Database migration flow
Safe schema changes with validation, rollback, and production cutover.
Database migrations are the thing that wakes on-call engineers at night. This flowchart breaks down a safe migration from the moment you write the script through dev, staging, production backup, cutover, verification, and the rollback path every team hopes never to use but must always be ready to take.
The diagram makes explicit what separates a boring Monday deployment from an incident: the backup before production, the verification queries after cutover, and a clear decision point where you either commit to the new schema or restore the old one. It also shows why rushing past staging is so expensive — catching a constraint violation or slow query there costs minutes; discovering it in production costs hours and a whole lot of adrenaline.
When to use this template
- Migration planning — walk the team through the intended path before the maintenance window, so everyone knows their role and the rollback trigger.
- Runbooks and playbooks — drop this diagram into your incident response wiki with your actual backup procedure and RTO plugged in.
- Onboarding engineers — new database developers need to see this before their first migration so they understand why each step matters.
How to adapt it
Customize the nodes to match your actual tooling and constraints:
- Replace "Run on dev" with the names of your specific environments (local, CI, integration-test cluster).
- Add a performance test node after staging if you need to validate query plans on realistic data volume.
- Insert a notification node naming the actual channels or teams (Slack, PagerDuty, email) that get alerted at each gate.
Visual edits regenerate clean Mermaid code as you drag and rename, so you can turn this into your actual runbook by just editing the diagram in the editor.
Mermaid code
Copy it anywhere Mermaid is supported — GitHub, Notion, or your docs.
flowchart TD
A[Write migration script] --> B[Run on dev environment]
B --> C{Tests pass?}
C -->|No| D[Fix migration]
D --> B
C -->|Yes| E[Run on staging]
E --> F{Data integrity OK?}
F -->|No| G[Debug schema]
G --> D
F -->|Yes| H[Notify on-call team]
H --> I[Schedule maintenance window]
I --> J[Create database backup]
J --> K[Run on production]
K --> L{Migration succeeded?}
L -->|No| M[Restore from backup]
M --> N[Investigate failure]
L -->|Yes| O[Verify with read queries]
O --> P{Data correct?}
P -->|No| Q[Rollback]
Q --> M
P -->|Yes| R[Monitor for issues]
R --> S[Close migration ticket]
Frequently asked questions
- Why do database migrations require this many steps?

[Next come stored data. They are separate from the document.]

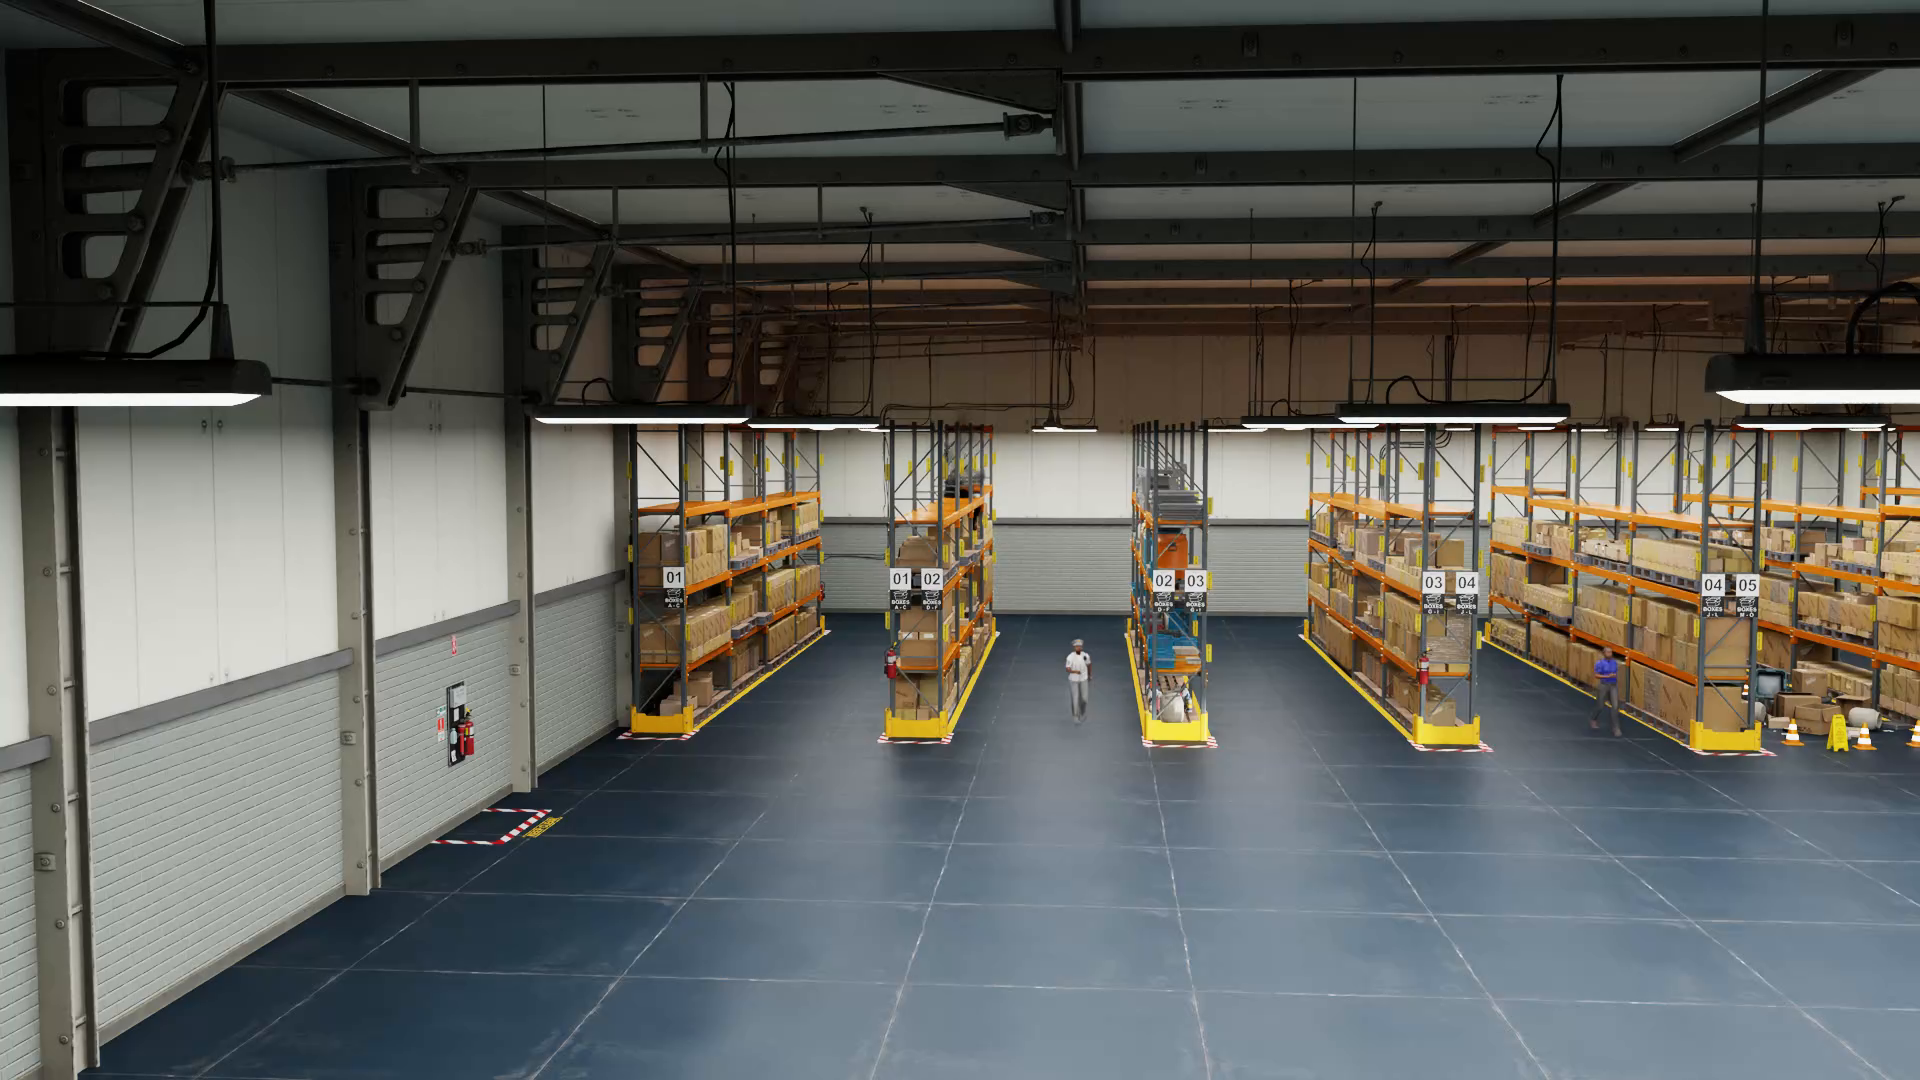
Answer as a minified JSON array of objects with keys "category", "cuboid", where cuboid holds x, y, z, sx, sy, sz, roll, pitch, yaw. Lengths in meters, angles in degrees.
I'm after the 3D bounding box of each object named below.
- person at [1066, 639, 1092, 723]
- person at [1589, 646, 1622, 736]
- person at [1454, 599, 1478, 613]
[{"category":"person","cuboid":[2.370,2.793,32.912,0.549,1.671,0.640,0,4,-3]},{"category":"person","cuboid":[12.383,2.866,31.811,0.572,1.639,0.934,0,4,-5]},{"category":"person","cuboid":[13.224,2.095,43.507,0.675,1.719,0.599,0,4,4]}]
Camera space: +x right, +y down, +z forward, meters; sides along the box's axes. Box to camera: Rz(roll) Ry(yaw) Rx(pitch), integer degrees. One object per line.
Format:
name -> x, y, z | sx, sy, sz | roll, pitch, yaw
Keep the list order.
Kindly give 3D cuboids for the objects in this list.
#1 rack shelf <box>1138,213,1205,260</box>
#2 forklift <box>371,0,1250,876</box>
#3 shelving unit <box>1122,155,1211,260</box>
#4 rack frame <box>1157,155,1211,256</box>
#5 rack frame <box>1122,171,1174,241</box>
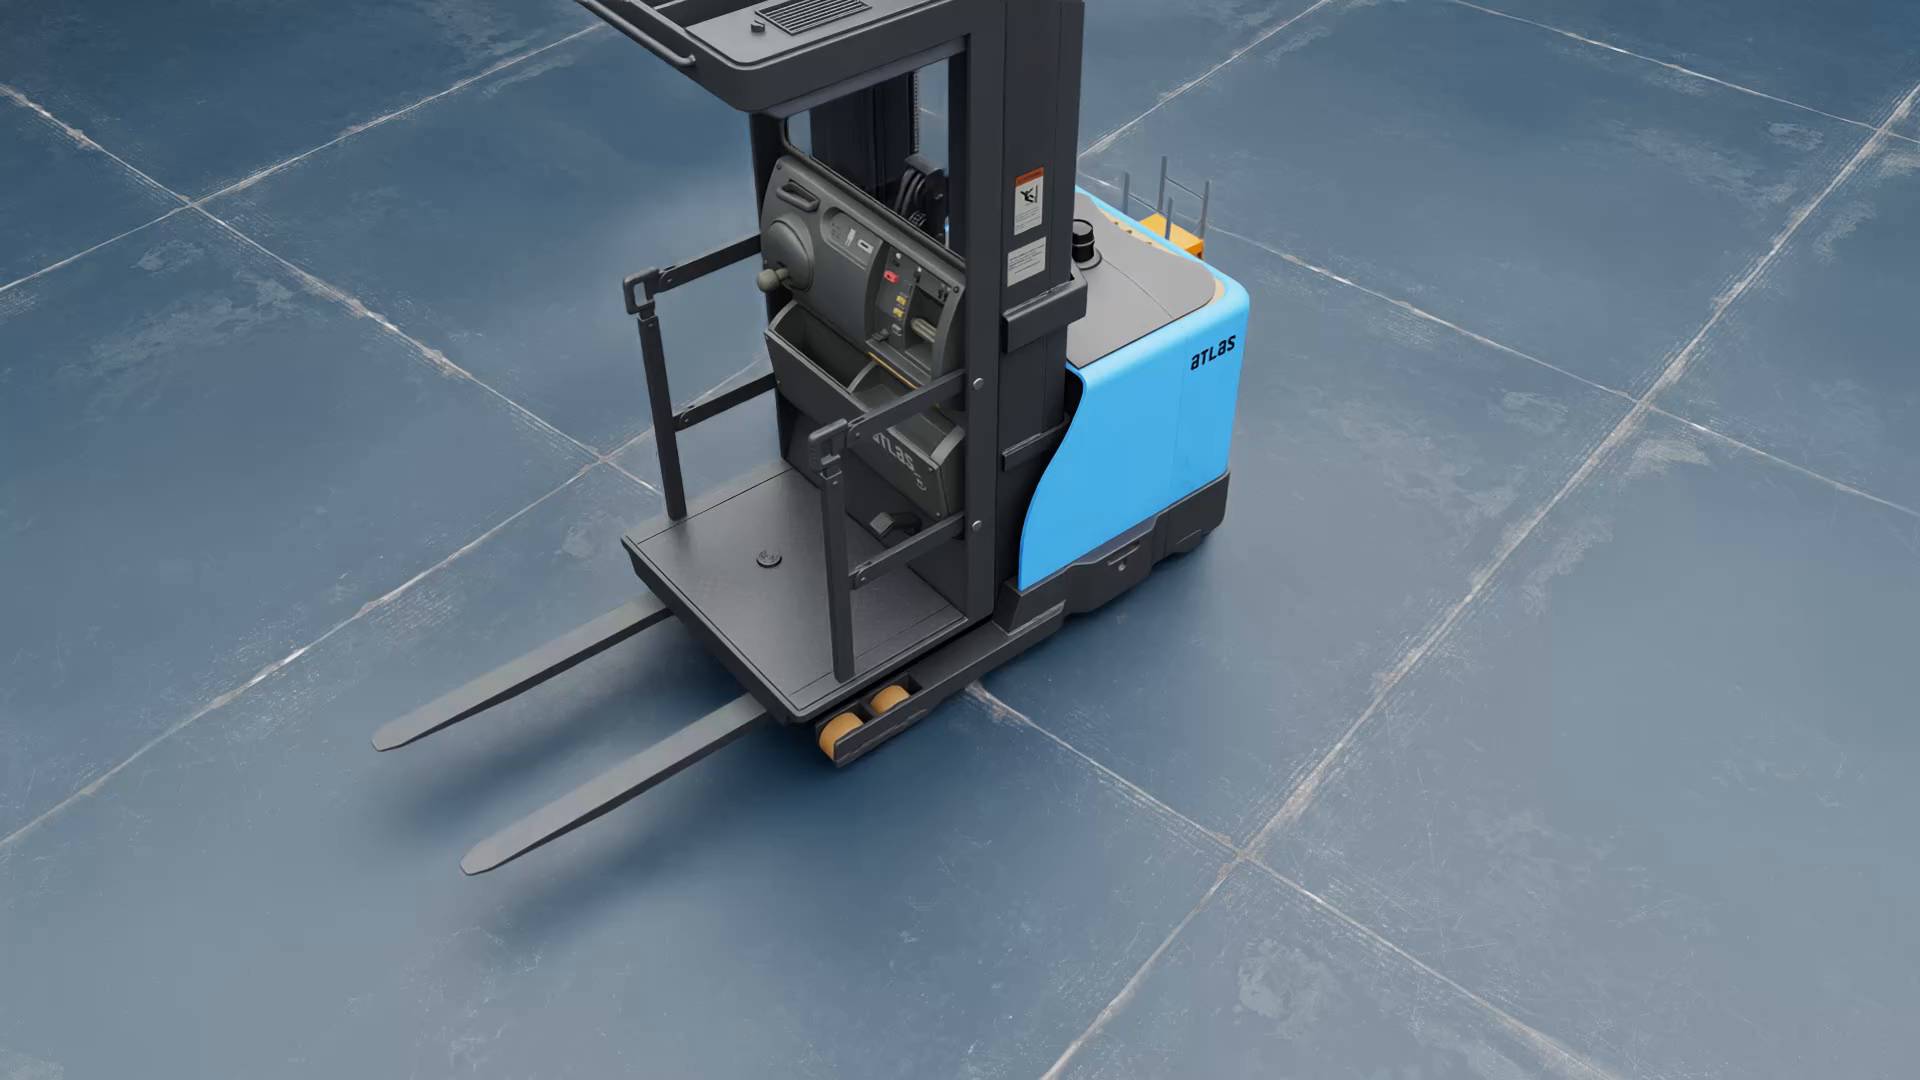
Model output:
rack shelf -> 0.735, -1.075, 6.072 | 0.180, 0.103, 0.258 | -29, 49, -28
forklift -> -0.469, -0.757, 4.904 | 3.031, 2.935, 1.130 | -29, 49, -28
shelving unit -> 0.735, -0.842, 6.284 | 0.189, 1.200, 0.258 | -29, 49, -28
rack frame -> 0.806, -0.881, 6.327 | 0.006, 1.200, 0.240 | -29, 49, -28
rack frame -> 0.664, -0.803, 6.241 | 0.006, 1.200, 0.240 | -29, 49, -28

- Because a failed migration can take your entire service offline for hours. Each step — dev, staging, backup, verification — exists to catch breakage before it reaches customers. The rollback path is explicitly drawn because not planning for failure is how you end up at 3 AM without a restore plan.
- What should a database backup step include?
- A full snapshot of all tables, indexes, and constraints, taken immediately before the migration runs. Test the restore on a separate instance to confirm it works — a backup you can't restore is worse than no backup. Most teams use cloud provider snapshots, WAL backups, or logical dumps depending on database size and RTO.
- How long should I wait after a production migration before considering it safe?
- Monitor for at least 30 minutes of normal traffic to catch edge cases your staging tests missed — for example, queries that were slow but didn't fail, or race conditions in application code that only show up under production load. High-transaction databases need longer; low-traffic systems can move faster.
- When should I roll back a production migration?
- If post-deployment queries return wrong data, if error rates spike after cutover, or if the migration itself took longer than your maintenance window allowed. Rollback is your circuit breaker — faster to restore and re-plan than to chase issues in a corrupted state.